Thanks for reading this blog, For anyfeedback/suggestions/comments,
please drop a mail to marketing@affine.ai

Contributors:
Shailesh Singh – Delivery Manager
Akash Mishra – Senior Business Analyst

NB-NET – A Convolutional Neural Network based Classification Approach for Detecting Foot Overstep No Balls in Cricket

During the seventh match of the ongoing 12th season of the Indian Premier League between Royal Challengers Bangalore and Mumbai Indians at Bengaluru, Mumbai Indians defeated Royal Challengers Bangalore by 6 runs to register first win in IPL 2019.

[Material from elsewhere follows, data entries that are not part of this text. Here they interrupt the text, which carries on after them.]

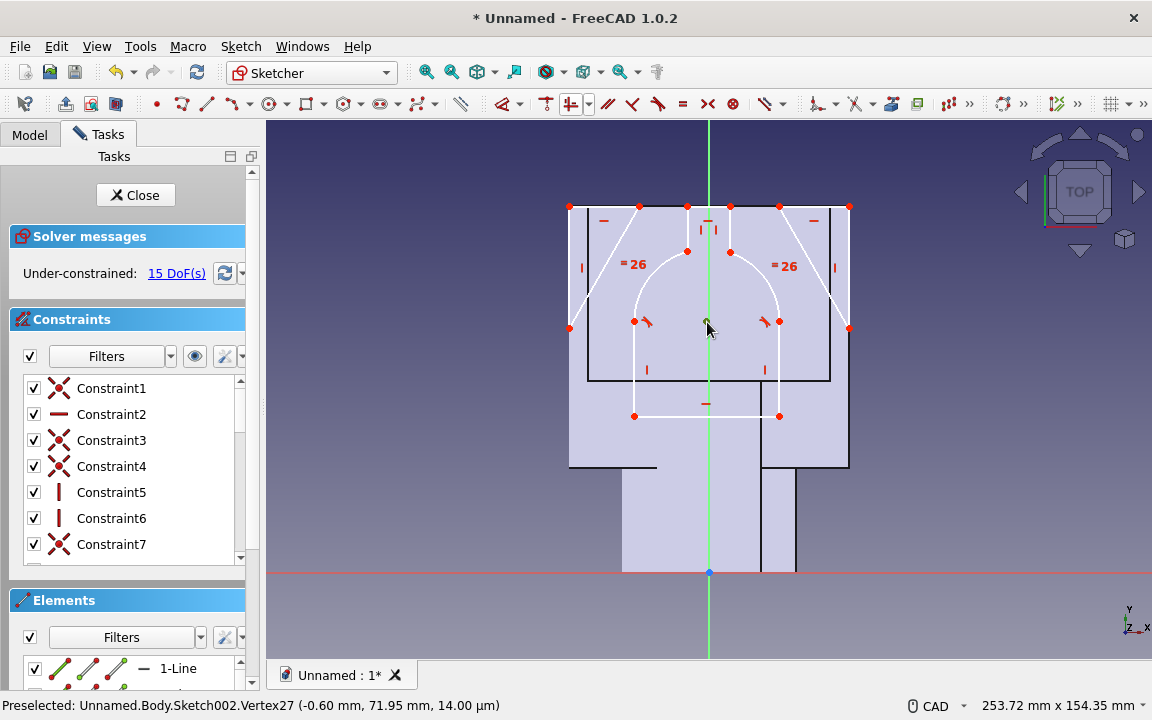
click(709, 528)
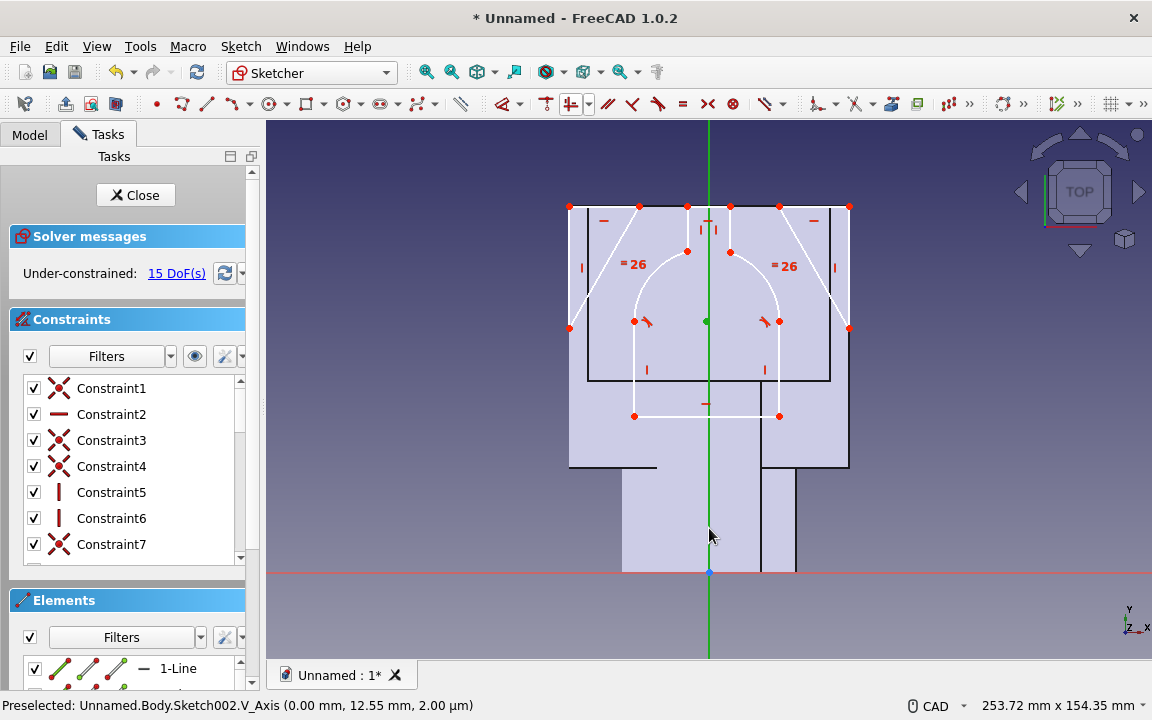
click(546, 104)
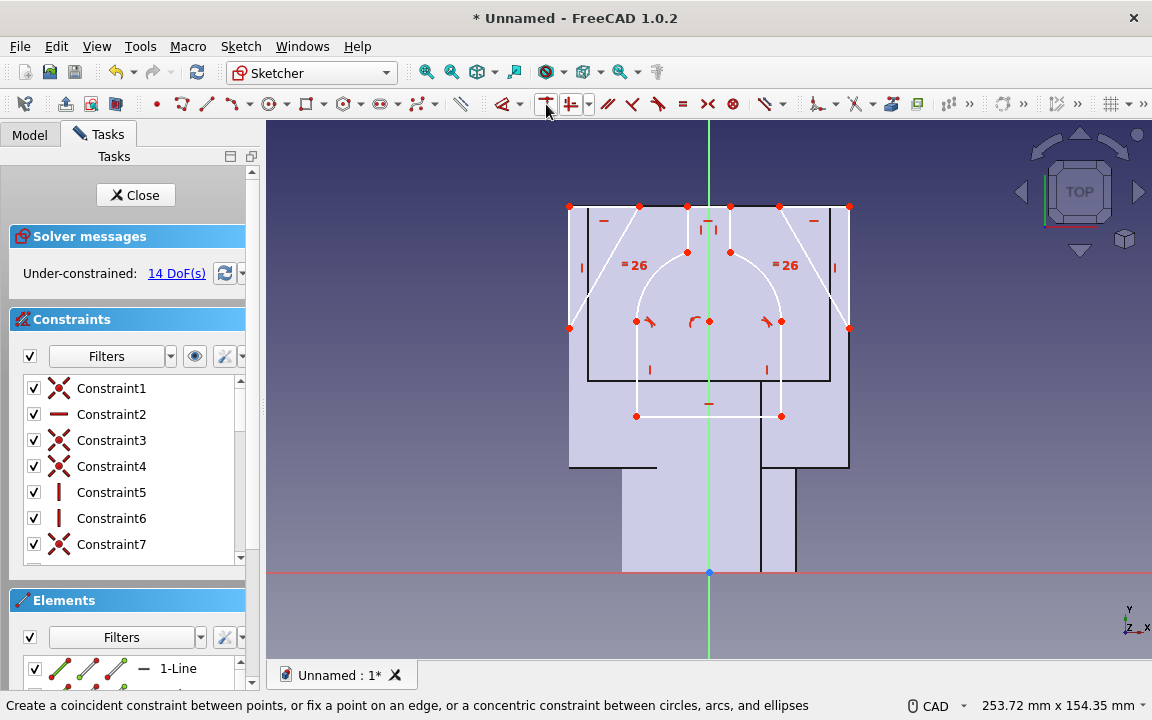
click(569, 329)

In what was a nerve-wrenching match, it went down to the last ball. It was legendary batsman AB de Villiers who brought down the equation from 40 off 18 to 17 off the last over. Needing seven runs on the last ball, veteran bowler Lasith Malinga managed to win the match. However, once the match got over, replays confirmed that Malinga had bowled a front foot no-ball. With the umpire missing the same, there were some unhappy faces in the Bangalore camp.

“If this (the Malinga no-ball) had happened in the first, second or third overs of the game, I can tell you 100% surely that the umpire would have called it. The soil on the pitch becomes loose after a few overs. The line tends to go off even if it’s re-drawn. It’s too tough for the umpires to call no balls towards the end of the games. On a loose turf, when the bowler keeps landing on the pitch, the line doesn’t stay. From side view, we’ll see the line because it’s a two-dimensional image, and sometimes the lines are clearer outside the turf so the viewer thinks it’s there. There will be a parallax error.” – Says Hariharan, Former ICC Veteran Umpire

Cricket is a worldwide popular game where a single delivery can change the fate of the game. Every delivery is counted as a crucial moment for both teams. Umpires make the decisions regarding a no ball. Different technologies are being used to help the umpires to take their decisions. But often due to human perception, deciding whether a bowled delivery is a no ball or legal ball makes controversies. So, it is very important to make an accurate decision regarding a no ball Simultaneously, with advent and advances in Artificial Intelligence and Computer Vision, application of these two in different domains has become an emerging trend. Applying several computer vision techniques in analysing different Cricket events and automatically coming into decisions has become popular in recent days.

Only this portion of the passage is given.